What is needed. The word to look for is "insert". Report every line of the entries below that has it.

Dataset excerpts.
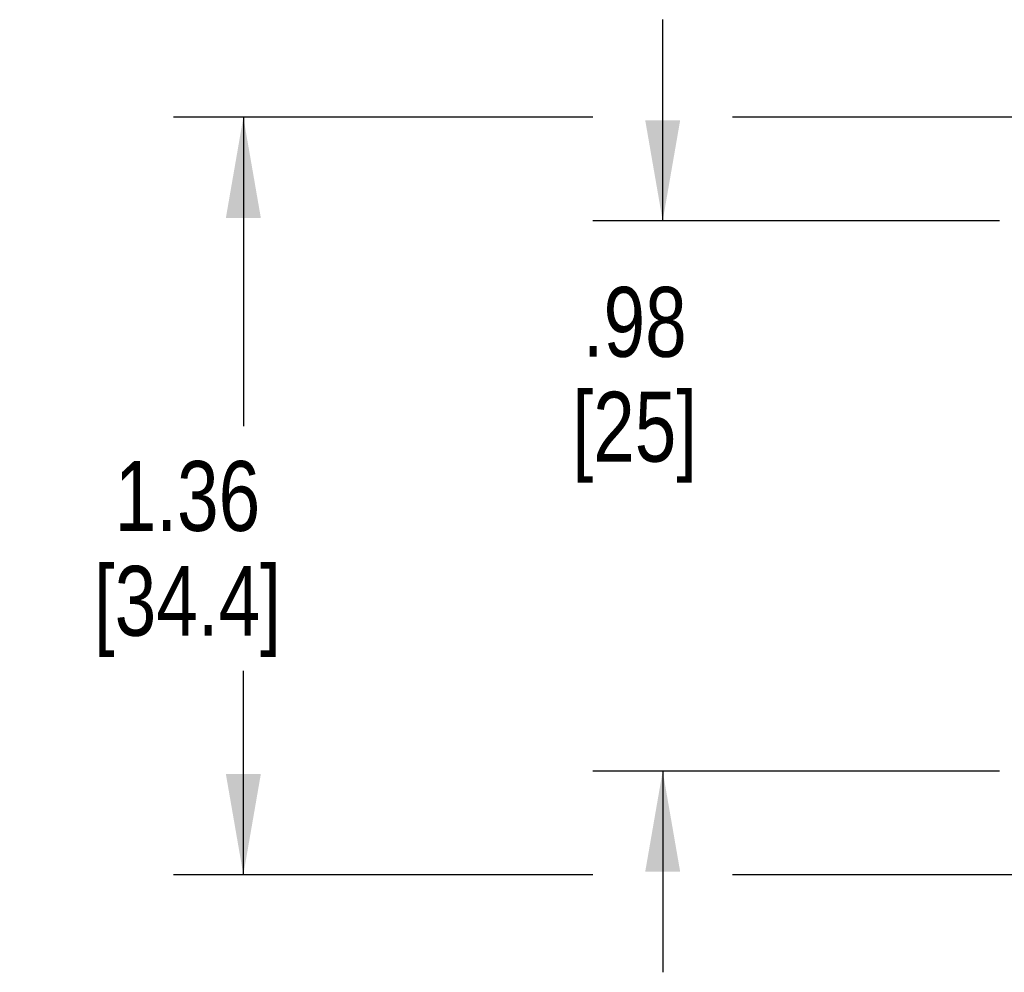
# Model space of a CAD drawing. Header units: inches. Extents: x 0.2 to 16.8, y 0.2 to 10.8.
# Tile 15 of 37: x 6.3 to 8.1, y 7.2 to 8.9. Entities that reach past the tile are written whole.
import ezdxf

# ---------------------------------------------------------------- set-up
doc = ezdxf.new("R2010")
doc.units = ezdxf.units.IN
doc.header["$LTSCALE"] = 0.935
doc.header["$MEASUREMENT"] = 0
doc.layers.get('0').update_dxf_attribs({"linetype": 'CONTINUOUS'})
doc.layers.add('DIMENSIONS', color=7, linetype='CONTINUOUS')
doc.styles.get("Standard").update_dxf_attribs({"font": 'txt', "width": 0.8})
doc.dimstyles.new('DIMSTYLE_1', dxfattribs={"dimtxt": 0.125, "dimasz": 0.18, "dimexe": 0.125, "dimexo": 0.0625, "dimgap": 0.0625, "dimtad": 0, "dimtih": 1, "dimtoh": 1, "dimzin": 4, "dimdsep": 46, "dimtxsty": 'STANDARD', "dimblk": '_FILLED', "dimblk1": '_FILLED', "dimblk2": '_FILLED', "dimcen": 0.09, "dimadec": 0, "dimazin": 0, "dimtp": 0.001, "dimtm": 0.001, "dimtfac": 1, "dimtofl": 0, "dimtmove": 0, "dimatfit": 3, "dimldrblk": '_FILLED', "dimfxl": 1, "dimtolj": 1, "dimtzin": 4, "dimarcsym": 0})

# ---------------------------------------------------------------- blocks, each defined once
blk = doc.blocks.new('_FILLED')
at = {"color": 0, "linetype": 'BYBLOCK'}
blk.add_solid([(0, 0), (-1, 0.1736), (-1, -0.1736)], dxfattribs=at)
blk = doc.blocks.new('*D7')
at = {"layer": 'DIMENSIONS', "color": 2, "linetype": 'CONTINUOUS'}
for p, q in [((7.4475, 8.5349), (7.4475, 8.8949)), ((8.05, 8.5349), (7.3225, 8.5349)), ((8.05, 7.5509), (7.3225, 7.5509)), ((7.4475, 7.5509), (7.4475, 7.1909))]:
    blk.add_line(p, q, dxfattribs=at)
at = {"layer": 'DIMENSIONS', "color": 2, "linetype": 'CONTINUOUS', "xscale": 0.18, "yscale": 0.18, "zscale": 0.18}
for p, rotation in [((7.4475, 8.5349), 270), ((7.4475, 7.5509), 90)]:
    blk.add_blockref('_FILLED', p, dxfattribs=dict(at, rotation=rotation))
at = {"layer": 'DIMENSIONS', "color": 2, "linetype": 'CONTINUOUS', "insert": (7.3975, 8.4168), "char_height": 0.125, "width": 0.4, "attachment_point": 2, "line_spacing_factor": 0.9}
blk.add_mtext('.98\\P[25]', dxfattribs=at)
blk = doc.blocks.new('*D8')
at = {"layer": 'DIMENSIONS', "color": 2, "linetype": 'CONTINUOUS'}
for p, q in [((7.3225, 8.7204), (6.5725, 8.7204)), ((6.6975, 8.7204), (6.6975, 8.1679)), ((8.3712, 8.7204), (7.5725, 8.7204)), ((6.6975, 7.3654), (6.6975, 7.7304)), ((7.3225, 7.3654), (6.5725, 7.3654)), ((8.3712, 7.3654), (7.5725, 7.3654))]:
    blk.add_line(p, q, dxfattribs=at)
at = {"layer": 'DIMENSIONS', "color": 2, "linetype": 'CONTINUOUS', "xscale": 0.18, "yscale": 0.18, "zscale": 0.18}
for p, rotation in [((6.6975, 8.7204), 90), ((6.6975, 7.3654), 270)]:
    blk.add_blockref('_FILLED', p, dxfattribs=dict(at, rotation=rotation))
at = {"layer": 'DIMENSIONS', "color": 2, "linetype": 'CONTINUOUS', "insert": (6.5975, 8.1054), "char_height": 0.125, "width": 0.6, "attachment_point": 2, "line_spacing_factor": 0.9}
blk.add_mtext('1.36\\P[34.4]', dxfattribs=at)

msp = doc.modelspace()

# ---------------------------------------------------------------- dimensions: what is measured, and where the dimension line sits
at = {"layer": 'DIMENSIONS', "color": 2, "linetype": 'CONTINUOUS'}
for base, p1, p2, picture, middle in [((7.4475, 7.5509), (8.1125, 8.5349), (8.1125, 7.5509), '*D7', (7.4475, 8.2606)), ((6.6974835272, 7.3653505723), (8.4337039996, 8.7203505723), (8.4337039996, 7.3653505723), '*D8', (6.6974835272, 7.9491005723))]:
    dim = msp.add_linear_dim(base=base, p1=p1, p2=p2, angle=270, dimstyle='DIMSTYLE_1', dxfattribs=at)
    dim.commit()
    dim.dimension.update_dxf_attribs({"geometry": picture, "text_midpoint": middle, "dimtype": 160})

doc.saveas('drawing.dxf')

Exercise solution.
at = {"layer": 'DIMENSIONS', "color": 2, "linetype": 'CONTINUOUS', "insert": (7.3975, 8.4168), "char_height": 0.125, "width": 0.4, "attachment_point": 2, "line_spacing_factor": 0.9}
at = {"layer": 'DIMENSIONS', "color": 2, "linetype": 'CONTINUOUS', "insert": (6.5975, 8.1054), "char_height": 0.125, "width": 0.6, "attachment_point": 2, "line_spacing_factor": 0.9}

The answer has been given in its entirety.